A machine has four components, A, B, C, and D, set up in such a manner that all four parts must work for the machine to work properly. Assume the probability of one part working does not depend on the functionality of any of the other parts. Also assume that the probabilities of the individual parts working are P(A) = P(B) = 0.93, P(C) = 0.95, and P(D) = 0.92. Find the probability that the machine works properly.
My possible answers are:
.7559
.2441
.8217
.8128
I have tried and asked and no one is getting any of these. Help, please!
Just to confirm.
If you go through the maths steps as I indicated I got
0.2439854, so allowing for the occasion rounding error this is close to 0.2441.
To find the probability that the machine works properly, we need to calculate the probability that all four parts, A, B, C, and D, work.
Since the probability of one part working does not depend on the functionality of any of the other parts, we can multiply the probabilities of each part working together to find the overall probability.
P(A and B and C and D) = P(A) * P(B) * P(C) * P(D)
Plugging in the given values:
P(A and B and C and D) = 0.93 * 0.93 * 0.95 * 0.92
Multiplying these values together:
P(A and B and C and D) = 0.75597
Rounding to four decimal places, the probability that the machine works properly is approximately 0.7560.
Therefore, the correct answer from the given options is .7559.
To find the probability that the machine works properly, we can use the concept of independent events.

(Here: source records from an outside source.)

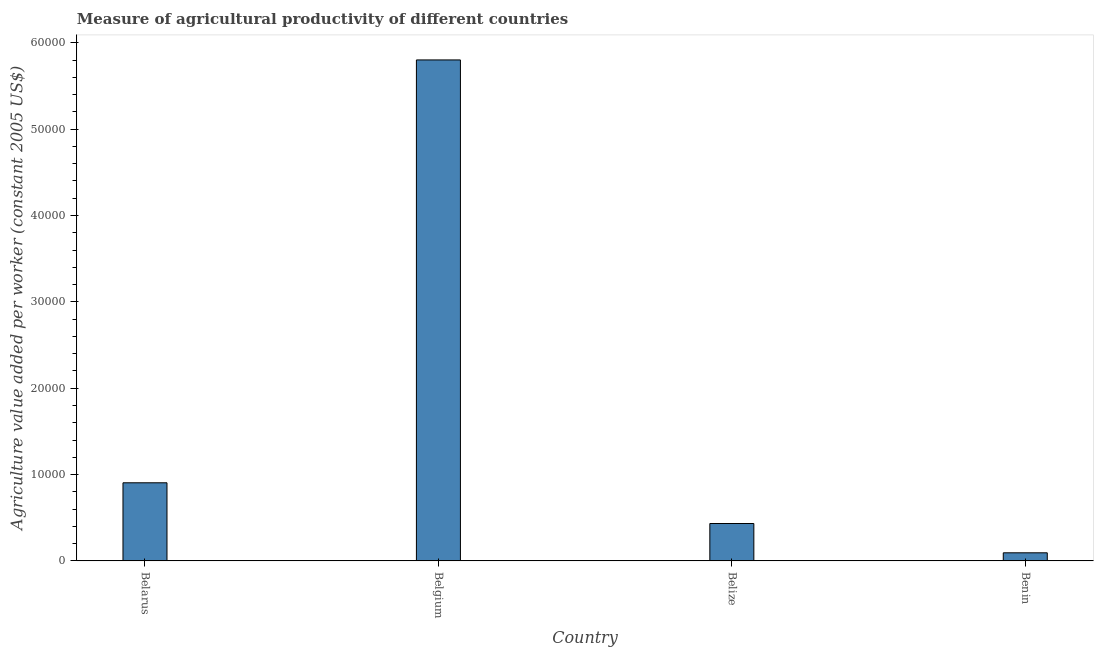Does the graph contain any zero values?
Offer a terse response. No. Does the graph contain grids?
Provide a short and direct response. No. What is the title of the graph?
Ensure brevity in your answer.  Measure of agricultural productivity of different countries. What is the label or title of the X-axis?
Your answer should be compact. Country. What is the label or title of the Y-axis?
Offer a very short reply. Agriculture value added per worker (constant 2005 US$). What is the agriculture value added per worker in Belarus?
Provide a succinct answer. 9046.43. Across all countries, what is the maximum agriculture value added per worker?
Offer a very short reply. 5.80e+04. Across all countries, what is the minimum agriculture value added per worker?
Your answer should be compact. 936.84. In which country was the agriculture value added per worker maximum?
Make the answer very short. Belgium. In which country was the agriculture value added per worker minimum?
Offer a terse response. Benin. What is the sum of the agriculture value added per worker?
Your response must be concise. 7.23e+04. What is the difference between the agriculture value added per worker in Belgium and Belize?
Give a very brief answer. 5.37e+04. What is the average agriculture value added per worker per country?
Your answer should be very brief. 1.81e+04. What is the median agriculture value added per worker?
Offer a very short reply. 6688.8. What is the ratio of the agriculture value added per worker in Belgium to that in Benin?
Keep it short and to the point. 61.93. Is the agriculture value added per worker in Belarus less than that in Benin?
Offer a terse response. No. Is the difference between the agriculture value added per worker in Belarus and Benin greater than the difference between any two countries?
Give a very brief answer. No. What is the difference between the highest and the second highest agriculture value added per worker?
Keep it short and to the point. 4.90e+04. Is the sum of the agriculture value added per worker in Belarus and Belgium greater than the maximum agriculture value added per worker across all countries?
Your response must be concise. Yes. What is the difference between the highest and the lowest agriculture value added per worker?
Keep it short and to the point. 5.71e+04. Are all the bars in the graph horizontal?
Offer a terse response. No. What is the Agriculture value added per worker (constant 2005 US$) in Belarus?
Keep it short and to the point. 9046.43. What is the Agriculture value added per worker (constant 2005 US$) of Belgium?
Make the answer very short. 5.80e+04. What is the Agriculture value added per worker (constant 2005 US$) in Belize?
Keep it short and to the point. 4331.18. What is the Agriculture value added per worker (constant 2005 US$) in Benin?
Your response must be concise. 936.84. What is the difference between the Agriculture value added per worker (constant 2005 US$) in Belarus and Belgium?
Provide a short and direct response. -4.90e+04. What is the difference between the Agriculture value added per worker (constant 2005 US$) in Belarus and Belize?
Ensure brevity in your answer.  4715.25. What is the difference between the Agriculture value added per worker (constant 2005 US$) in Belarus and Benin?
Provide a short and direct response. 8109.58. What is the difference between the Agriculture value added per worker (constant 2005 US$) in Belgium and Belize?
Offer a terse response. 5.37e+04. What is the difference between the Agriculture value added per worker (constant 2005 US$) in Belgium and Benin?
Ensure brevity in your answer.  5.71e+04. What is the difference between the Agriculture value added per worker (constant 2005 US$) in Belize and Benin?
Give a very brief answer. 3394.33. What is the ratio of the Agriculture value added per worker (constant 2005 US$) in Belarus to that in Belgium?
Make the answer very short. 0.16. What is the ratio of the Agriculture value added per worker (constant 2005 US$) in Belarus to that in Belize?
Give a very brief answer. 2.09. What is the ratio of the Agriculture value added per worker (constant 2005 US$) in Belarus to that in Benin?
Give a very brief answer. 9.66. What is the ratio of the Agriculture value added per worker (constant 2005 US$) in Belgium to that in Belize?
Keep it short and to the point. 13.4. What is the ratio of the Agriculture value added per worker (constant 2005 US$) in Belgium to that in Benin?
Your response must be concise. 61.93. What is the ratio of the Agriculture value added per worker (constant 2005 US$) in Belize to that in Benin?
Provide a short and direct response. 4.62. 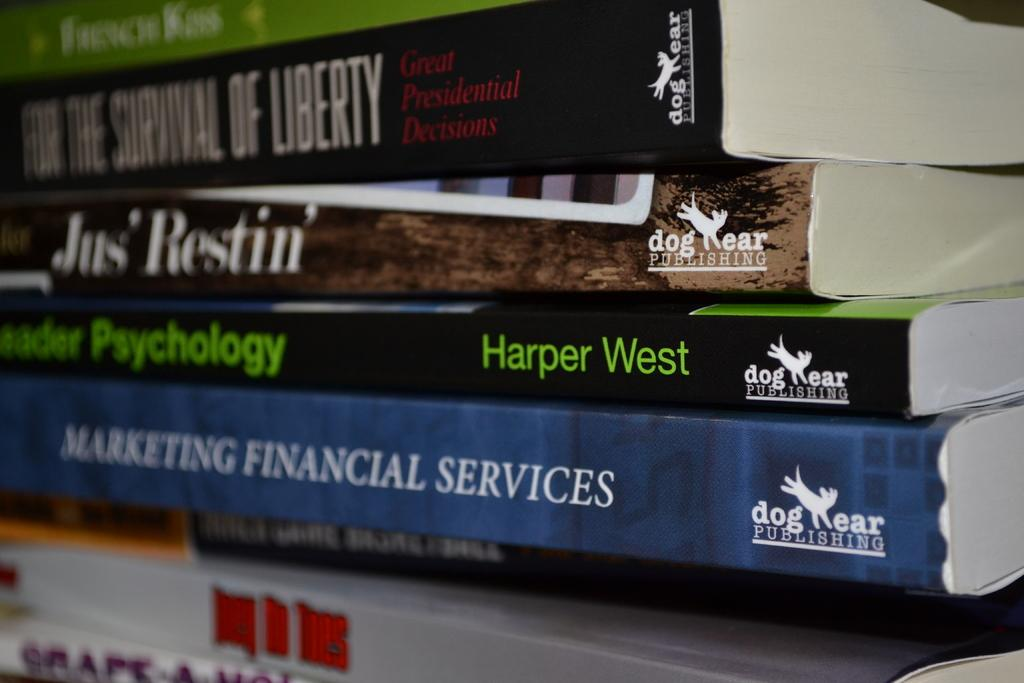<image>
Describe the image concisely. A big stack of different books, all published by Dog Ear Publishing.

Since all four components must work for the machine to work properly, we need to find the probability that all four components work simultaneously.
Assuming the probabilities of the individual parts working are independent, the probability that all four components work can be calculated by multiplying the probabilities of each component working.
So, the probability that the machine works properly can be calculated as follows:
P(machine works) = P(A) * P(B) * P(C) * P(D)
Given: P(A) = 0.93, P(B) = 0.93, P(C) = 0.95, and P(D) = 0.92
P(machine works) = 0.93 * 0.93 * 0.95 * 0.92
Calculating this expression:
P(machine works) = 0.7866
The answer closest to this value among the options provided is 0.7559. Therefore, the correct answer is 0.7559.
My understanding of your question means that you have a fault tree with 'machine unavailable' as the top event and the Boolean algebra expression for the top event being
A OR B OR C OR D
because failure of any one of the four components results in machine failure.
As an approximation (because it will be missing the AB components and therefore slightly too high - the probability of A OR B is [P(A)+P(B)-P(A)*P(B)])
is 0.07+0.07+0.05+0.08 = 0.27, which is slightly high so the unavailability is likely to be the 0.2441 value, hence the probability that it is working is
1-0.2441 = 0.7559.
You will need to workout an exact value for your answer and the best way to do this is to sequentially use the [P(A)+P(B)-P(A)*P(B)] expression. What I mean is combine A OR B, then combine the result of this with C and so on.